A majority of Americans support extending the military campaign to Iraq,
according to the latest opinion poll.

Secretary of State Colin Powell warned that military success in Afghanistan did
not guarantee a similar result in Iraq, proposed by Washington's hawks as the
next target in the war on terrorism.

``They are so significantly different that you can't take the Afghan model and
immediately apply it to Iraq,'' he said.

Bush admitted that the whereabouts of bin Laden was unknown, but repeated
his promise the wealthy Saudi-born militant would be caught.

``I haven't heard much from him recently, which means he could be in a cave
that doesn't have an opening to it anymore, or could be in a cave where he can
get out, or may have tried to slither out into neighboring Pakistan. We don't
know. But I will tell you this: We're going to find him,'' Bush said.

Pakistani security forces were holding hundreds of prisoners captured fleeing
Afghanistan. After a mass escape of al Qaeda fighters, they searched cars and
checked women wearing the all-enveloping burqa in case they were male
fugitives in disguise.

Bin Laden ally Mullah Mohammad Omar, the reclusive head of the ousted
Taliban movement, also has eluded capture and was said by a former Taliban
minister to be safe at an unknown location in Afghanistan.

Mullah Abdul Shakour, ex-minister of communications and reconstruction, said
all the Taliban leaders were safe, and threatened retaliation against any country
that extradited members of the Taliban leadership to the United States.

PROVISIONAL RULERS TO BE SWORN IN

The Taliban, whose five-year hold on power crumbled quickly under assault
from the United States and the Afghan opposition group Northern Alliance,
was to be replaced on Saturday by a 30-member government formed under
United Nations guidance during meetings in Bonn, Germany last month.

It will rule for six months while a Loya Jirga, or traditional assembly of elders,
forms another government to run the fractured country until elections two years
later.

The new government's task will be difficult. The World Bank and United
Nations said in a report unveiled in Brussels that Afghanistan will need $9
billion in aid over the next five years to rebuild after two decades of war.

The United States appeared ready to help, saying it would immediately
recognize the new government. U.S. special envoy to Afghanistan James
Dobbins told reporters in Kabul he had delivered a message of support from
President Bush to Afghan leader designate Karzai.

The prospect of a new era in Afghanistan was dampened by the renewal of old
hostilities between neighboring Pakistan and India.

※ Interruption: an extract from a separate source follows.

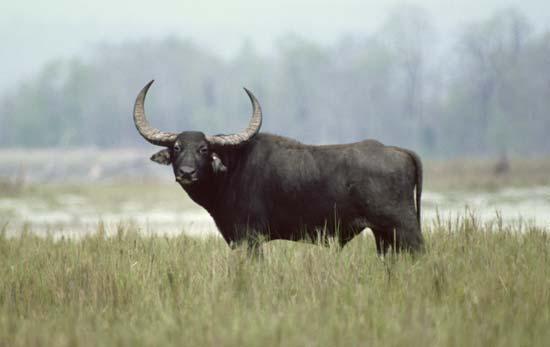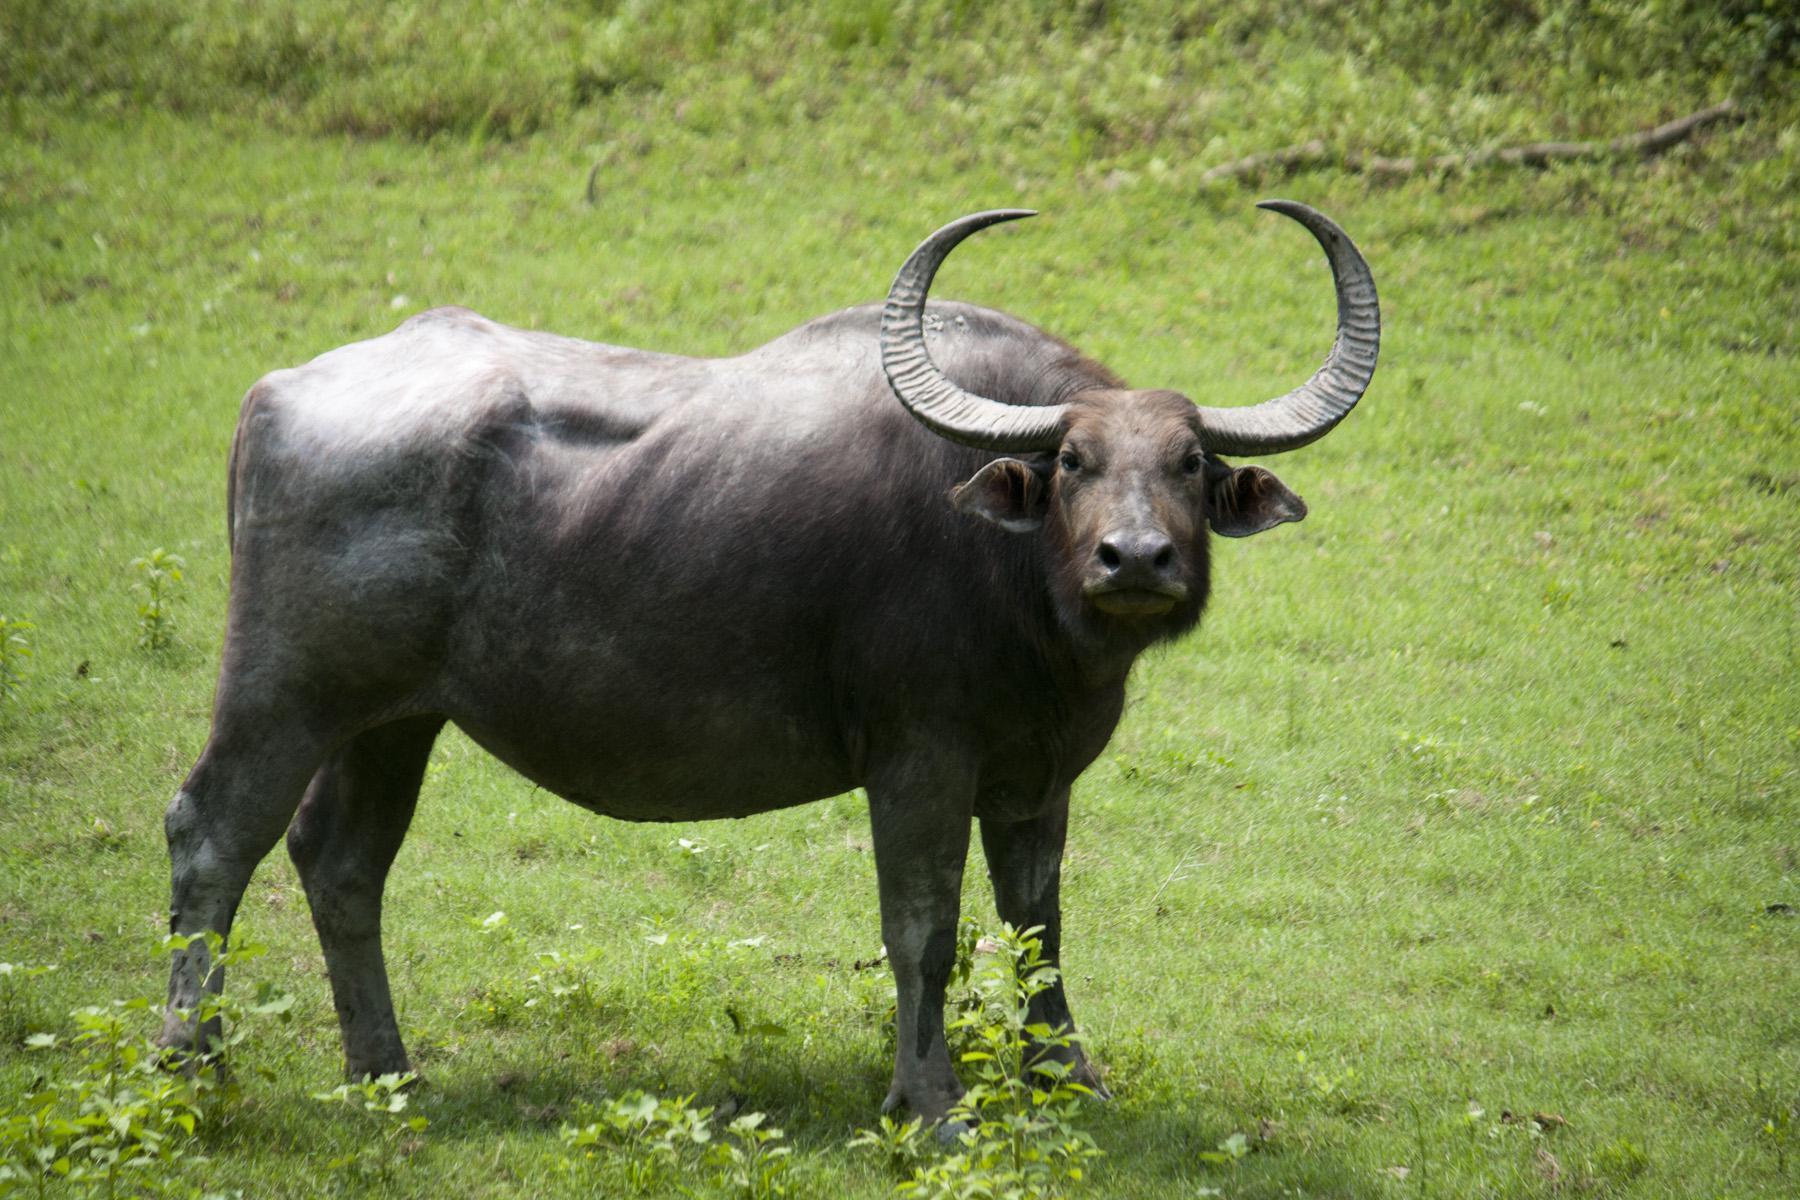The first image is the image on the left, the second image is the image on the right. Assess this claim about the two images: "Right image contains at least twice as many horned animals as the left image.". Correct or not? Answer yes or no. No. 
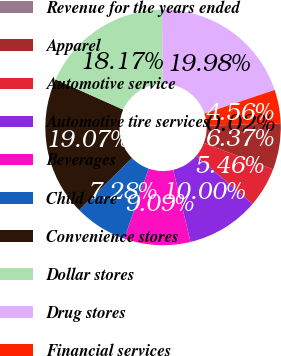Convert chart to OTSL. <chart><loc_0><loc_0><loc_500><loc_500><pie_chart><fcel>Revenue for the years ended<fcel>Apparel<fcel>Automotive service<fcel>Automotive tire services<fcel>Beverages<fcel>Child care<fcel>Convenience stores<fcel>Dollar stores<fcel>Drug stores<fcel>Financial services<nl><fcel>0.02%<fcel>6.37%<fcel>5.46%<fcel>10.0%<fcel>9.09%<fcel>7.28%<fcel>19.07%<fcel>18.17%<fcel>19.98%<fcel>4.56%<nl></chart>

India said it was recalling its envoy to Pakistan for what it termed Islamabad's
failure to act against terrorism following an attack on the Indian parliament last
week. There were big troop movements close to the border between the two
nuclear rivals.

BUSH URGES PAKISTAN CRACKDOWN

Bush joined India in urging Pakistan's President Pervez Musharraf to crack
down on Pakistan-based militants blamed in the attack in which 14 people
died.

``As President Musharraf does so, he will have our full support,'' Bush said in
statement.

The shock waves from the Sept. 11 attacks continued to reverberate around
the world.

Somali police arrested four Iraqi Kurds and a Palestinian for questioning over
possible links to al Qaeda network or other extremist groups. Somalia has
been talked of as a possible new target of the ``war on terror,'' and has come
under strong U.S. pressure to act against militants.

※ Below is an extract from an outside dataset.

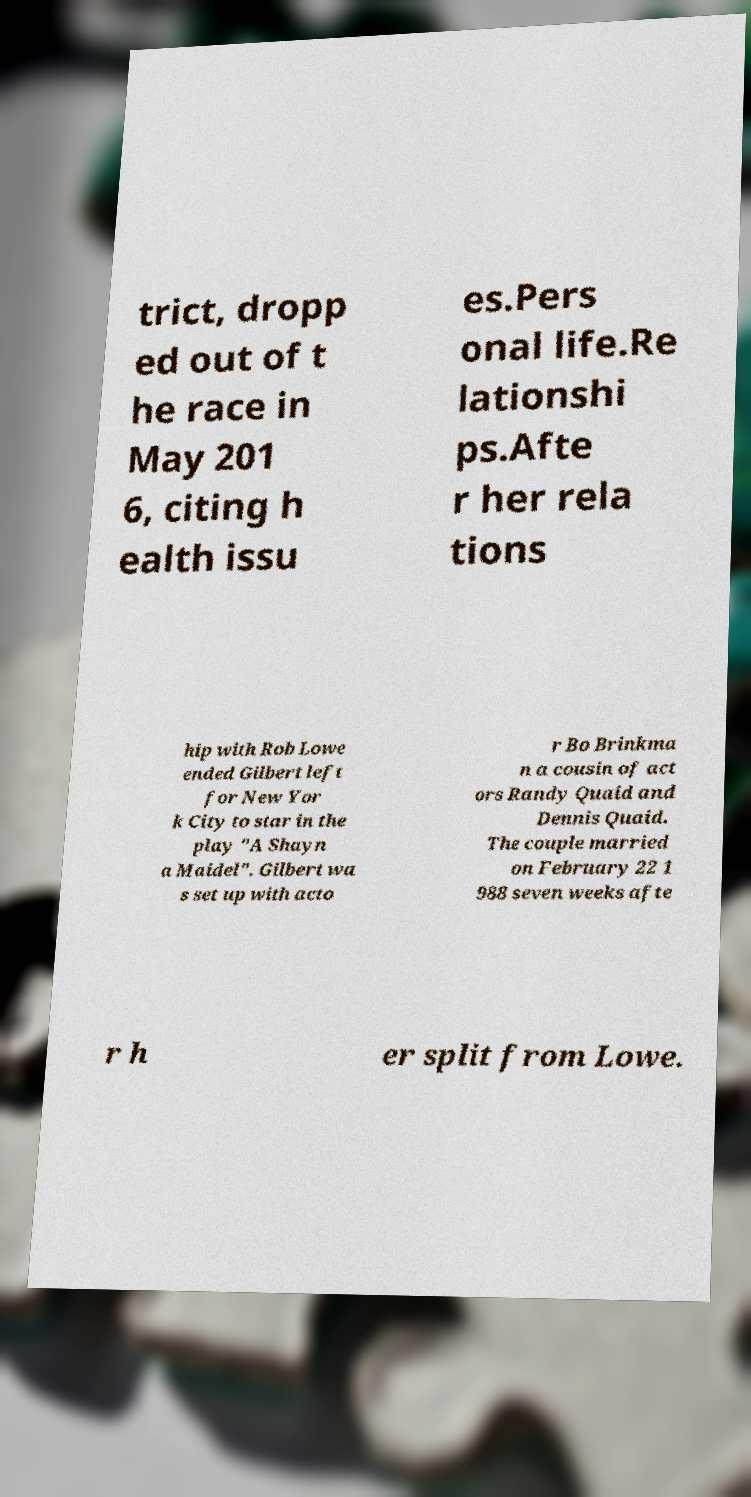I need the written content from this picture converted into text. Can you do that? trict, dropp ed out of t he race in May 201 6, citing h ealth issu es.Pers onal life.Re lationshi ps.Afte r her rela tions hip with Rob Lowe ended Gilbert left for New Yor k City to star in the play "A Shayn a Maidel". Gilbert wa s set up with acto r Bo Brinkma n a cousin of act ors Randy Quaid and Dennis Quaid. The couple married on February 22 1 988 seven weeks afte r h er split from Lowe. 
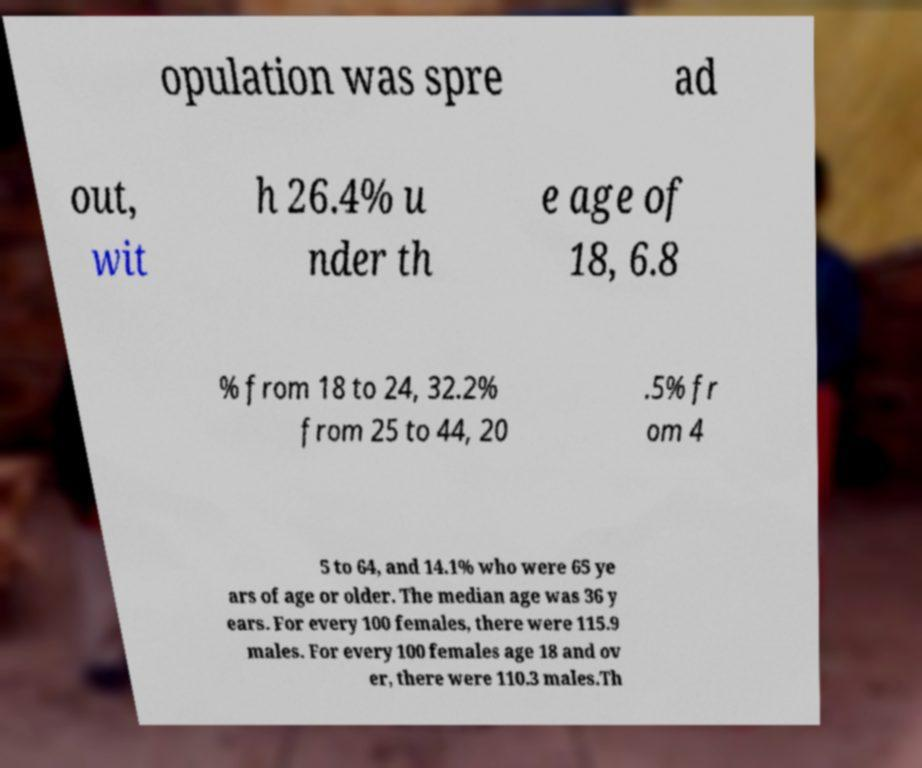Please identify and transcribe the text found in this image. opulation was spre ad out, wit h 26.4% u nder th e age of 18, 6.8 % from 18 to 24, 32.2% from 25 to 44, 20 .5% fr om 4 5 to 64, and 14.1% who were 65 ye ars of age or older. The median age was 36 y ears. For every 100 females, there were 115.9 males. For every 100 females age 18 and ov er, there were 110.3 males.Th

Yemen's President, Ali Abdullah Saleh, ordered his forces to use an ``iron fist''
in the hunt for bin Laden supporters after 22 people died in a battle with
suspected al Qaeda militants.

Chinese police arrested nine Muslims for ``illegal preaching'' in China's restive
western province Xinjiang, which borders Afghanistan, saying the roundup was
part of a campaign against ``separatists, terrorists and religious extremists.''

Iran said it opposed the deployment of foreign forces in neighboring
Afghanistan. Conservatives in Tehran accused the United States of being
``drunk with superficial victory in Afghanistan'' after the U.S. navy intercepted
an oil tanker carrying Iranian fuel in the Gulf.

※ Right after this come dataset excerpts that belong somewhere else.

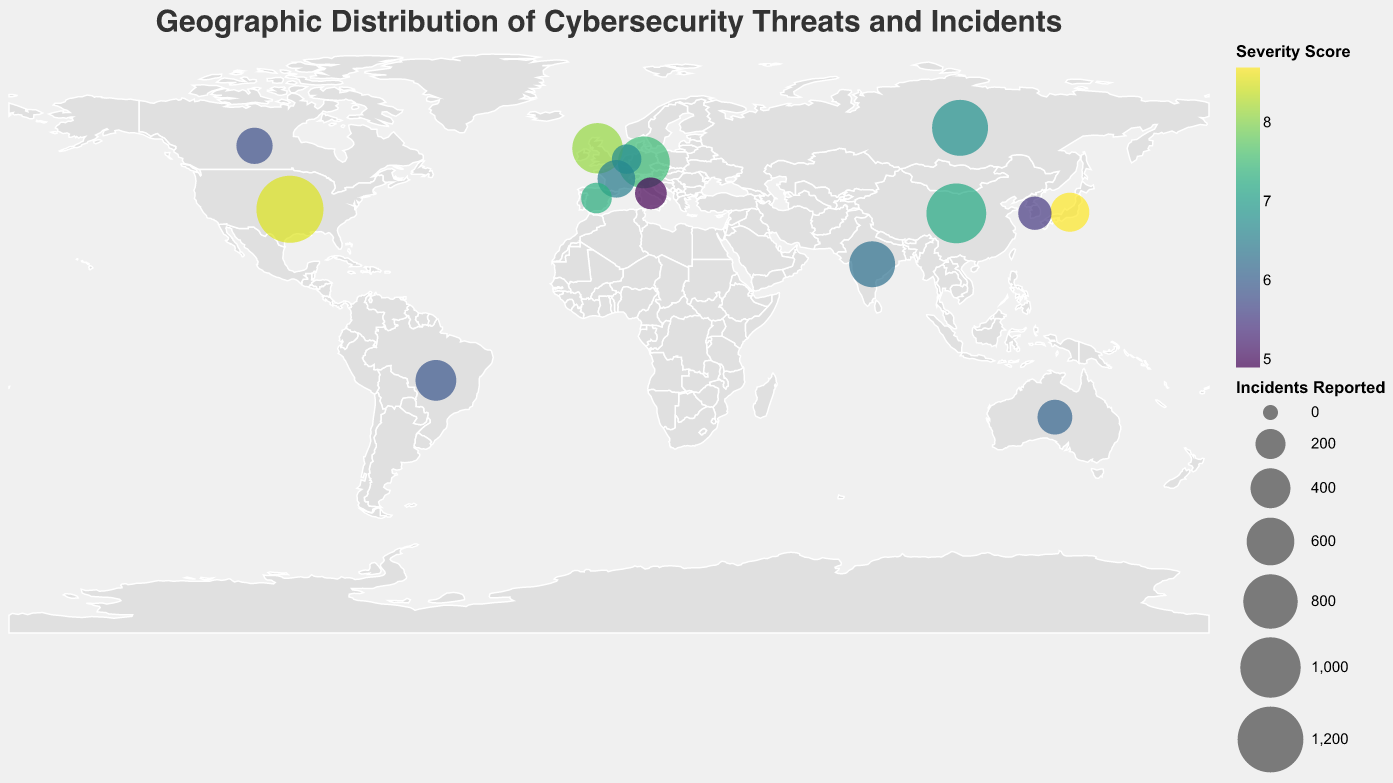What's the highest severity score reported and in which country? The highest severity score can be found by looking at the colors of the circles since the color intensity represents the severity score. The country with a score of 8.7 is Japan.
Answer: Japan with a score of 8.7 Which country has reported the most number of incidents and what type of threat is it associated with? The size of the circles represents the number of incidents reported. The largest circle is situated in the United States, associated with Ransomware and 1250 incidents.
Answer: United States, Ransomware, 1250 incidents How does the severity score of "Insider Threats" in India compare to "IoT Vulnerabilities" in Australia? Compare the color intensity of India (Insider Threats) and Australia (IoT Vulnerabilities). India's score is 6.3 while Australia's is 6.1.
Answer: India's score (6.3) is higher than Australia's score (6.1) What's the total number of incidents reported for all European countries listed? Sum the incidents for Russia (850), Germany (720), United Kingdom (680), France (350), Italy (230), Spain (210), and Netherlands (190). 850 + 720 + 680 + 350 + 230 + 210 + 190 = 3230
Answer: 3230 Which country has the lowest severity score and what threat is it associated with? The lowest severity score can be identified by the lightest colored circle. Italy has the lowest severity score of 4.9, associated with Cryptojacking.
Answer: Italy, Cryptojacking, 4.9 Which country has the smallest circle and what is its threat type? The smallest circle represents the least number of incidents reported. The smallest circle is in the Netherlands, associated with Cloud Security Threats.
Answer: Netherlands, Cloud Security Threats By how much does the number of incidents reported in China exceed those reported in France? Subtract the incidents reported in France (350) from those in China (980). 980 - 350 = 630
Answer: 630 What is the average severity score for incidents reported in South America (Brazil)? Brazil is the only South American country listed with 420 incidents, having a severity score of 5.9.
Answer: 5.9 How many countries have reported incidents related to Phishing and Cryptojacking combined? Identify the countries associated with Phishing and Cryptojacking which are Russia and Italy. Count the countries to get 2.
Answer: 2 
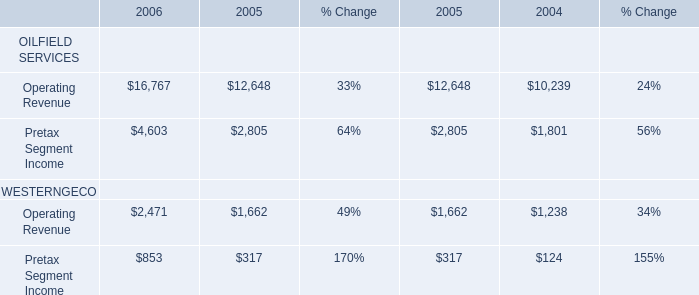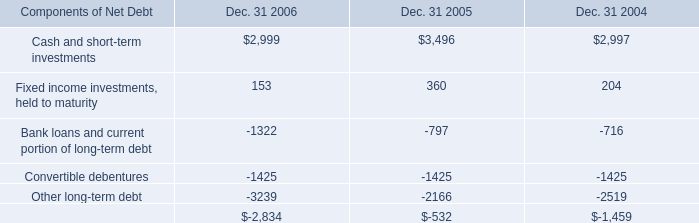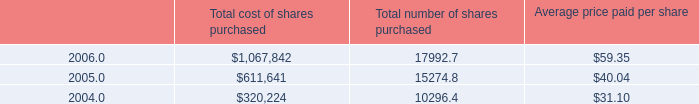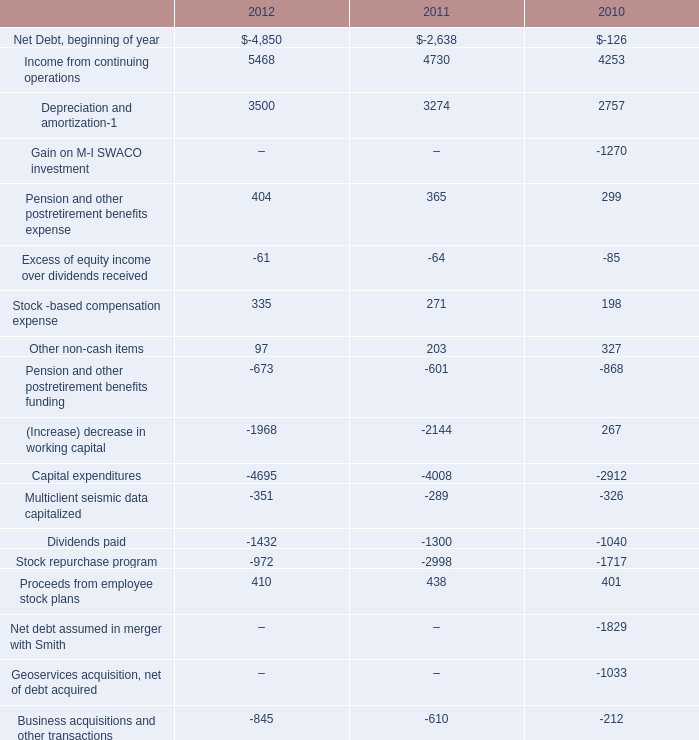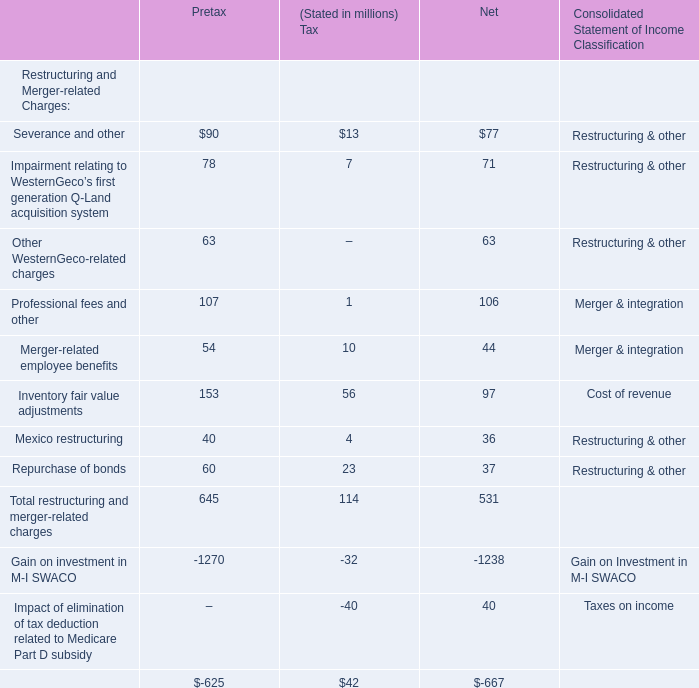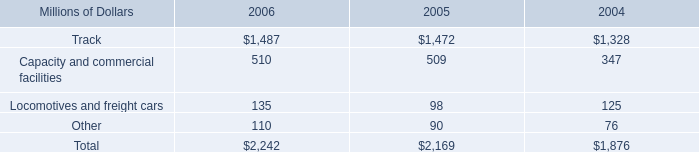For the kind of Restructuring and Merger-related Charges where the Net Income is larger than 100 million, what's the Pretax Income? (in million) 
Answer: 107.

The U.S. Justice Department said it had nearly completed questioning 5,000
foreign men in the United States in a controversial attempt to find out more
about militant activities. It said it had generated leads useful in the nation's
anti-terrorism campaign.

New York City firefighters and police met troops of the U.S. Army's 10th
Mountain Division at an air base north of Kabul and buried a piece of the
World Trade Center in honor of comrades who died in the September 11
attacks.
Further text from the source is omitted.